A particle take the following the following successive displacement . 10km south west, 50km 60° north of East . Find the magnitude and the direction of resistant.
To find the magnitude and direction of the resultant displacement, we can add the given displacements using vector addition.
First, let's convert the second displacement from polar to cartesian coordinates:
Magnitude = 50 km
Direction = 60° north of East
To convert the direction to Cartesian coordinates, we need to split it into its north and east components.
North component = Magnitude * sin(direction) = 50 km * sin(60°)
East component = Magnitude * cos(direction) = 50 km * cos(60°)
North component = 50 km * sqrt(3)/2 = 25√3 km
East component = 50 km * 1/2 = 25 km
Now, we can add the displacements together:
Total north component = -10 km + 25√3 km
Total east component = 25 km
Total north component = 25√3 km - 10 km ≈ 43.3 km
Total east component = 25 km
To find the magnitude of the resultant displacement, we use the Pythagorean theorem:
Magnitude = sqrt((Total north component)^2 + (Total east component)^2)
Magnitude = sqrt((43.3 km)^2 + (25 km)^2)
Magnitude ≈ sqrt(1878.49 km^2 + 625 km^2)
Magnitude ≈ sqrt(2503.49 km^2)
Magnitude ≈ 50.03 km
To find the direction of the resultant displacement, we use the inverse tangent function:
Direction = atan(Total north component / Total east component)

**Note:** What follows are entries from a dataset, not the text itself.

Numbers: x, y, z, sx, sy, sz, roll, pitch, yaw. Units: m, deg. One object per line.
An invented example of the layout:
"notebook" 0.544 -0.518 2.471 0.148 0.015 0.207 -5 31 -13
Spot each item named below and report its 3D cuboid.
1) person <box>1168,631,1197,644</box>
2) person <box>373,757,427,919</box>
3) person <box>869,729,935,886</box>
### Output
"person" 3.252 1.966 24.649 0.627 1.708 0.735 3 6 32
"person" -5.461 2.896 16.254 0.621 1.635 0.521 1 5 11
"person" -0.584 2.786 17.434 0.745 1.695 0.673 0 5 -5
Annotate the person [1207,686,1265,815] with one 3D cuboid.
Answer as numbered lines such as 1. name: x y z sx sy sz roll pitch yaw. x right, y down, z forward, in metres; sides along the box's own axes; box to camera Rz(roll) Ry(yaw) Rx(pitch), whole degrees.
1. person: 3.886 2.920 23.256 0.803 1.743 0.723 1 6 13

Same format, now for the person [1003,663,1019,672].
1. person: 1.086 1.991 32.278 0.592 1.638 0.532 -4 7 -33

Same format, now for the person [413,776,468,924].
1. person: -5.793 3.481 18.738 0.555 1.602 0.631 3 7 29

Direction = atan(43.3 km / 25 km)
Direction ≈ 59.69°
Therefore, the magnitude of the resultant displacement is approximately 50.03 km and the direction is approximately 59.69°.

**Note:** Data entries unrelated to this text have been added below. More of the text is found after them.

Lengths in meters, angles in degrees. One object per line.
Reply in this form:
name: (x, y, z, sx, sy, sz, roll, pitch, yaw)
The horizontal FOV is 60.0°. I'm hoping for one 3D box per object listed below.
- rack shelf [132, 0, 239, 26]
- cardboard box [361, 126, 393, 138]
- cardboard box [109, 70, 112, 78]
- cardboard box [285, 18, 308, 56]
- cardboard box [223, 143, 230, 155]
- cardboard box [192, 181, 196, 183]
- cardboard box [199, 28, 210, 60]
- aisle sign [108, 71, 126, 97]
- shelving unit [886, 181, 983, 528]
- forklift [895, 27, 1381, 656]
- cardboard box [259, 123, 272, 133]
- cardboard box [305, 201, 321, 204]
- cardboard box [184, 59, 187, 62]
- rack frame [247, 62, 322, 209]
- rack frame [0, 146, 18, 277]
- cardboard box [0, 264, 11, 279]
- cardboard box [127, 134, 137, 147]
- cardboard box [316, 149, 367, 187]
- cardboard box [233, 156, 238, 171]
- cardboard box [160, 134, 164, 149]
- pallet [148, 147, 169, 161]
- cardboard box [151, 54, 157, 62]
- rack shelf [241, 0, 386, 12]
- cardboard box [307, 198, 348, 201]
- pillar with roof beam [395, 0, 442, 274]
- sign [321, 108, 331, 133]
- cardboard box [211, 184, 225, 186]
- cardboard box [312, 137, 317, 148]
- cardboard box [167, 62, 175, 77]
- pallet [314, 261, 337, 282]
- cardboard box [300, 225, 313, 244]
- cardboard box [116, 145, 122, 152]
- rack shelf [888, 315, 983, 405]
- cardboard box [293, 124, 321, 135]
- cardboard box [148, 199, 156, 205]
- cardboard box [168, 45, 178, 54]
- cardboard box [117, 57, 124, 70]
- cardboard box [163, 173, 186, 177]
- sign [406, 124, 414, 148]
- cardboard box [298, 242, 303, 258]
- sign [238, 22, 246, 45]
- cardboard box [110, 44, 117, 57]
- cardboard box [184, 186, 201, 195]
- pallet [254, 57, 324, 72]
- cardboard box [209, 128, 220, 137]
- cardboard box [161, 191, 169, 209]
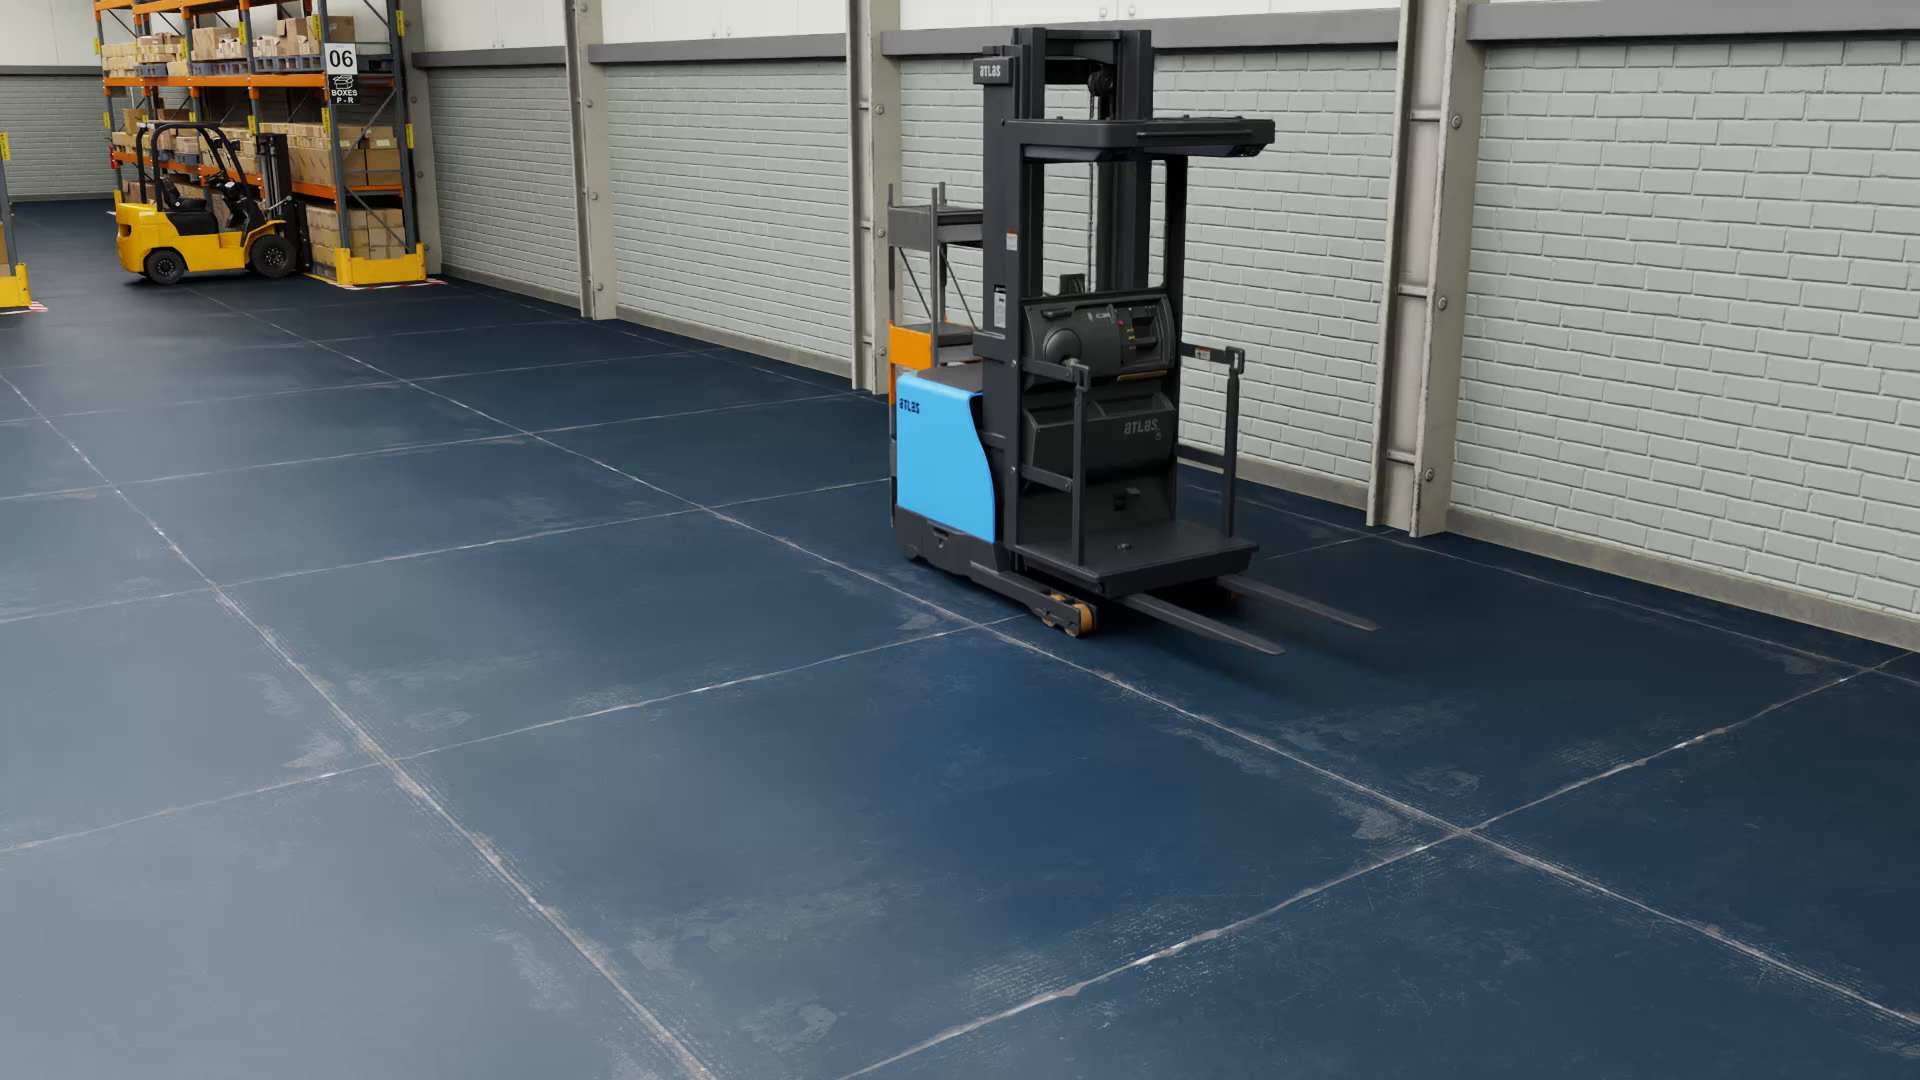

To find the magnitude and direction of the resultant displacement, we can apply vector addition.
First, let's break down the given displacements into their respective x and y components.
1. 10km south-west:
This displacement can be split into two components: 10km south and 10km west.

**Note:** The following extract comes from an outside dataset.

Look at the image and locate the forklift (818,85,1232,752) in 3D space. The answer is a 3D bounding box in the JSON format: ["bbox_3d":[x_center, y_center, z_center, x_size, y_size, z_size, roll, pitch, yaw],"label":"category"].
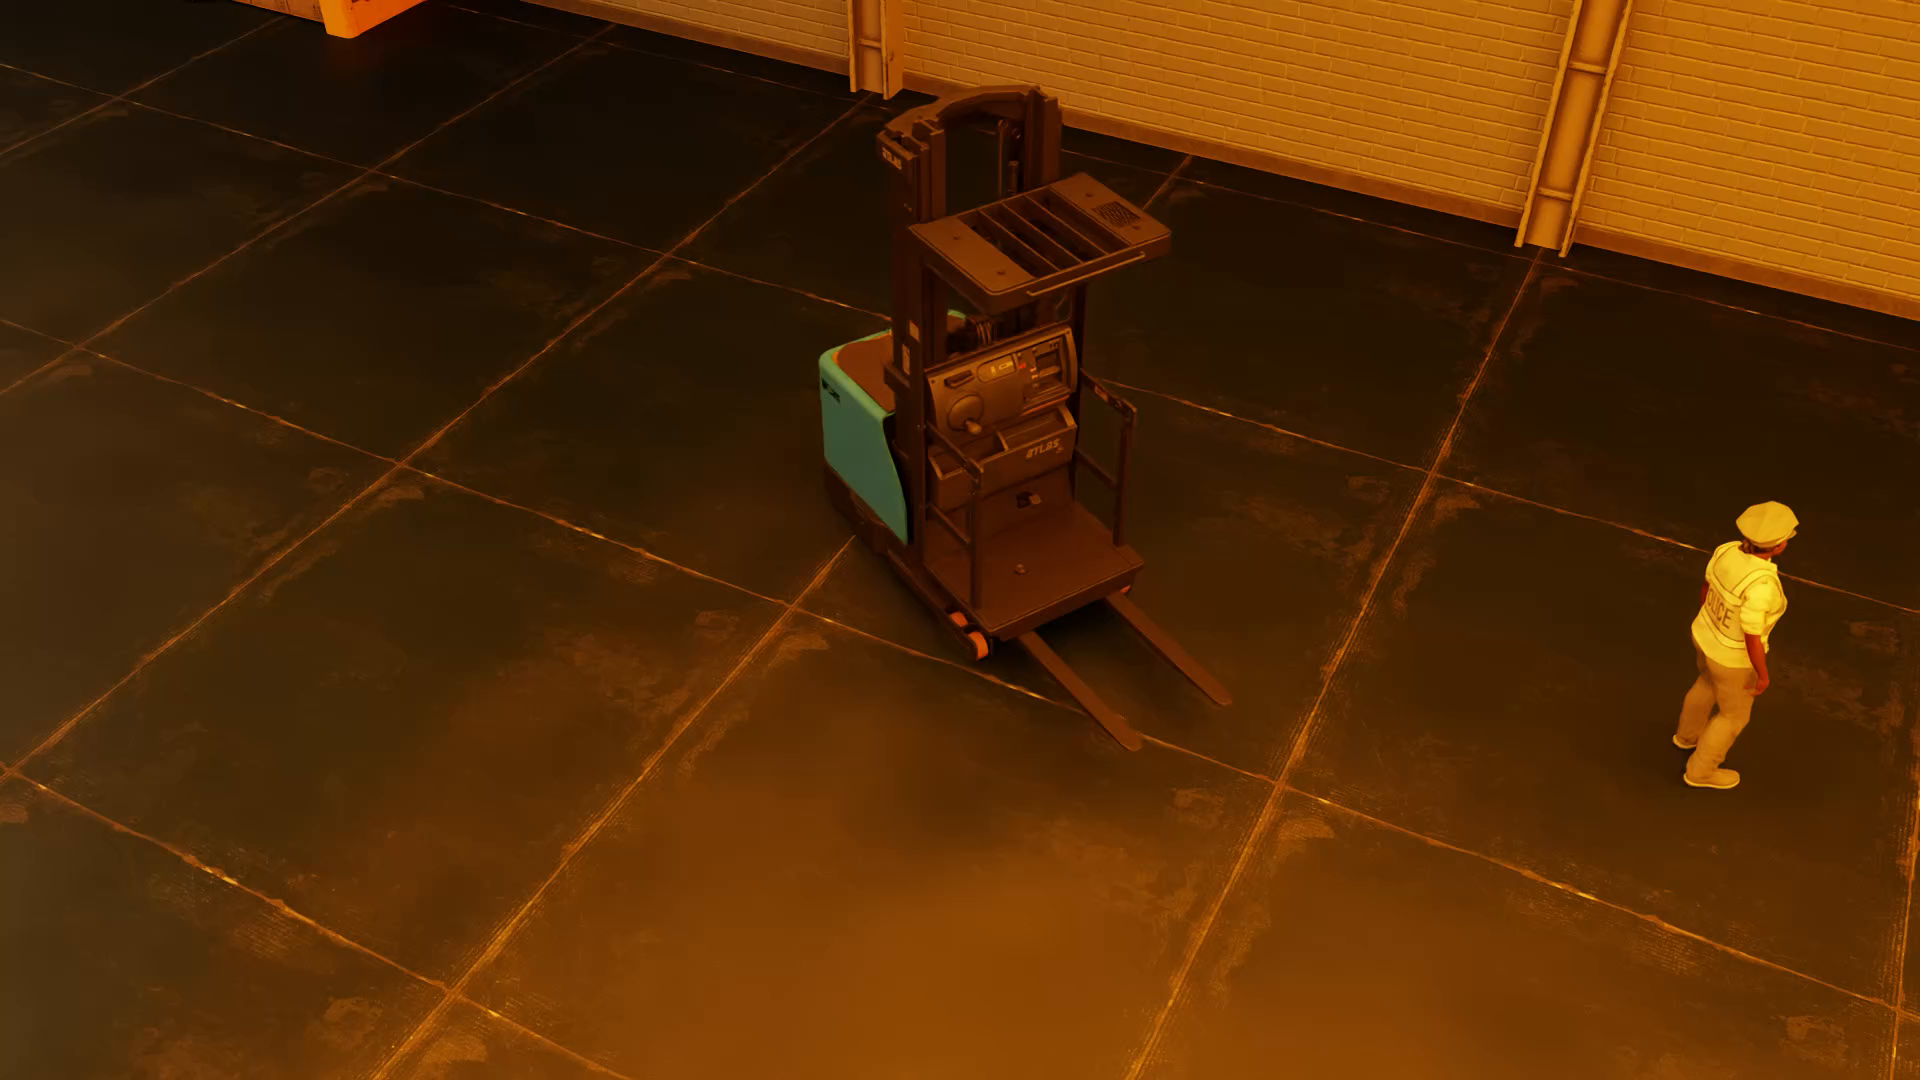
[{"bbox_3d":[0.357,-0.788,8.922,1.130,2.935,3.031,-23,45,-25],"label":"forklift"}]

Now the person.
[{"bbox_3d":[3.902,0.535,8.337,0.460,1.712,0.532,-4,40,-4],"label":"person"}]

The south component has a magnitude of 10km and a direction of 180° (in the negative y-axis direction).
The west component has a magnitude of 10km and a direction of 270° (in the positive x-axis direction).
2. 50km 60° north of East:
To find the x and y components, we need to convert the given angle to a standard reference angle.
The reference angle is 180° - 60° = 120°.
The x component has a magnitude of 50km * cos(120°) and a direction of 0° (in the positive x-axis direction).
The y component has a magnitude of 50km * sin(120°) and a direction of 90° (in the positive y-axis direction).
Now, let's add up the x and y components separately:
X-component:
10km (west) + 50km * cos(120°) = 10km + (-25km) = -15km
Y-component:
10km (south) + 50km * sin(120°) = 10km + 43.30km = 53.30km
The resultant displacement can be found by combining these x and y components using the Pythagorean theorem:
Resultant magnitude (R) = √((-15km)^2 + (53.30km)^2) ≈ 55.51km
To find the direction of the resultant displacement, we use the inverse tangent function (tan^(-1)):
Resultant direction (θ) = tan^(-1)((y-component)/(x-component))
= tan^(-1)(53.30km/(-15km))
≈ tan^(-1)(-3.55)
≈ -74.68°
Since the resultant displacement is in the negative x-axis direction, we need to add 180° to get the direction with respect to the positive x-axis:
Resultant direction (θ) ≈ -74.68° + 180° ≈ 105.32°
Therefore, the magnitude of the resultant displacement is approximately 55.51km, and the direction is approximately 105.32° north of the east.